Return the entries verbatim and drop every picture.

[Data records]
________________
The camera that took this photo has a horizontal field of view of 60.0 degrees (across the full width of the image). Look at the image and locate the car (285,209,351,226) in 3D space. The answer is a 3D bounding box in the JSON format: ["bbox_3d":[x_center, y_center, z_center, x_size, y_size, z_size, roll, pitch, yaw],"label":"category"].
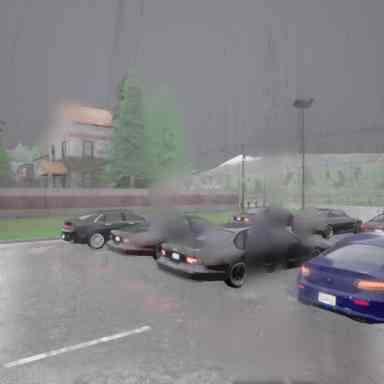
[{"bbox_3d":[7.161,1.564,17.455,4.181,1.385,1.994,0,0,-35],"label":"car"}]

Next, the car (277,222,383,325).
[{"bbox_3d":[4.012,1.526,6.600,4.674,1.442,1.812,0,0,-35],"label":"car"}]

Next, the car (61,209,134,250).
[{"bbox_3d":[-3.069,1.505,14.461,4.892,1.490,1.837,0,0,-35],"label":"car"}]

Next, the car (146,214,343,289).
[{"bbox_3d":[1.665,1.547,9.230,5.357,1.411,2.033,0,0,-35],"label":"car"}]

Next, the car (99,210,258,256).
[{"bbox_3d":[-0.337,1.547,12.103,5.357,1.411,2.033,0,0,-36],"label":"car"}]

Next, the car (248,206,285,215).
[{"bbox_3d":[4.654,1.547,19.961,5.357,1.411,2.033,0,0,-35],"label":"car"}]

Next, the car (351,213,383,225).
[{"bbox_3d":[9.188,1.564,14.596,4.181,1.385,1.994,0,0,-35],"label":"car"}]
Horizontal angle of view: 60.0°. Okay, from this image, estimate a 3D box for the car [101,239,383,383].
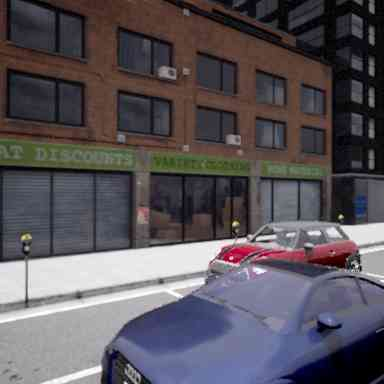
[{"bbox_3d":[1.093,1.586,4.024,4.181,1.385,1.994,0,0,-35],"label":"car"}]

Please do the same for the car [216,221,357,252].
[{"bbox_3d":[2.323,1.486,8.174,4.097,1.590,1.967,0,0,-35],"label":"car"}]
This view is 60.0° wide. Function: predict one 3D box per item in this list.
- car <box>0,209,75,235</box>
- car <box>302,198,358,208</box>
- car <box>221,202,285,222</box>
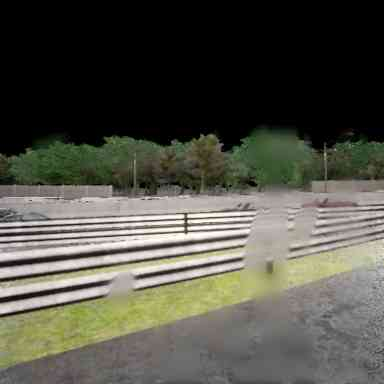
[{"bbox_3d":[-8.034,1.697,16.570,4.181,1.385,1.994,-2,0,-15],"label":"car"},{"bbox_3d":[12.276,1.153,29.438,4.718,1.301,1.895,-1,0,-15],"label":"car"},{"bbox_3d":[4.540,1.374,23.670,4.718,1.301,1.895,-1,0,-15],"label":"car"}]
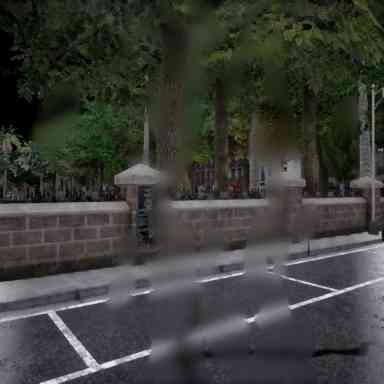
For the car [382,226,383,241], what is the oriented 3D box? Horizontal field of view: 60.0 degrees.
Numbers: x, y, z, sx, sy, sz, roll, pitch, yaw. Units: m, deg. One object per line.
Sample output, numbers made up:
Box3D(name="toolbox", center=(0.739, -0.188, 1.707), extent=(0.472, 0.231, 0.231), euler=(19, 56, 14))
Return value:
________________
> _EXERCISE OUTPUT_
The camera that took this photo has a horizontal field of view of 60.0 degrees (across the full width of the image). Look at the image and locate the car (285,209,351,226) in 3D space. The answer is a 3D bounding box in the JSON format: ["bbox_3d":[x_center, y_center, z_center, x_size, y_size, z_size, roll, pitch, yaw],"label":"category"].
[{"bbox_3d":[7.161,1.564,17.455,4.181,1.385,1.994,0,0,-35],"label":"car"}]

Next, the car (277,222,383,325).
[{"bbox_3d":[4.012,1.526,6.600,4.674,1.442,1.812,0,0,-35],"label":"car"}]

Next, the car (61,209,134,250).
[{"bbox_3d":[-3.069,1.505,14.461,4.892,1.490,1.837,0,0,-35],"label":"car"}]

Next, the car (146,214,343,289).
[{"bbox_3d":[1.665,1.547,9.230,5.357,1.411,2.033,0,0,-35],"label":"car"}]

Next, the car (99,210,258,256).
[{"bbox_3d":[-0.337,1.547,12.103,5.357,1.411,2.033,0,0,-36],"label":"car"}]

Next, the car (248,206,285,215).
[{"bbox_3d":[4.654,1.547,19.961,5.357,1.411,2.033,0,0,-35],"label":"car"}]

Next, the car (351,213,383,225).
[{"bbox_3d":[9.188,1.564,14.596,4.181,1.385,1.994,0,0,-35],"label":"car"}]
Horizontal angle of view: 60.0°. Okay, from this image, estimate a 3D box for the car [101,239,383,383].
[{"bbox_3d":[1.093,1.586,4.024,4.181,1.385,1.994,0,0,-35],"label":"car"}]

Please do the same for the car [216,221,357,252].
[{"bbox_3d":[2.323,1.486,8.174,4.097,1.590,1.967,0,0,-35],"label":"car"}]
This view is 60.0° wide. Function: predict one 3D box per item in this list.
- car <box>0,209,75,235</box>
- car <box>302,198,358,208</box>
- car <box>221,202,285,222</box>
[{"bbox_3d":[-8.034,1.697,16.570,4.181,1.385,1.994,-2,0,-15],"label":"car"},{"bbox_3d":[12.276,1.153,29.438,4.718,1.301,1.895,-1,0,-15],"label":"car"},{"bbox_3d":[4.540,1.374,23.670,4.718,1.301,1.895,-1,0,-15],"label":"car"}]
For the car [382,226,383,241], what is the oriented 3D box? Horizontal field of view: 60.0 degrees.
Numbers: x, y, z, sx, sy, sz, roll, pitch, yaw. Units: m, deg. One object per line.
Sample output, numbers made up:
Box3D(name="toolbox", center=(0.739, -0.188, 1.707), extent=(0.472, 0.231, 0.231), euler=(19, 56, 14))
Return value:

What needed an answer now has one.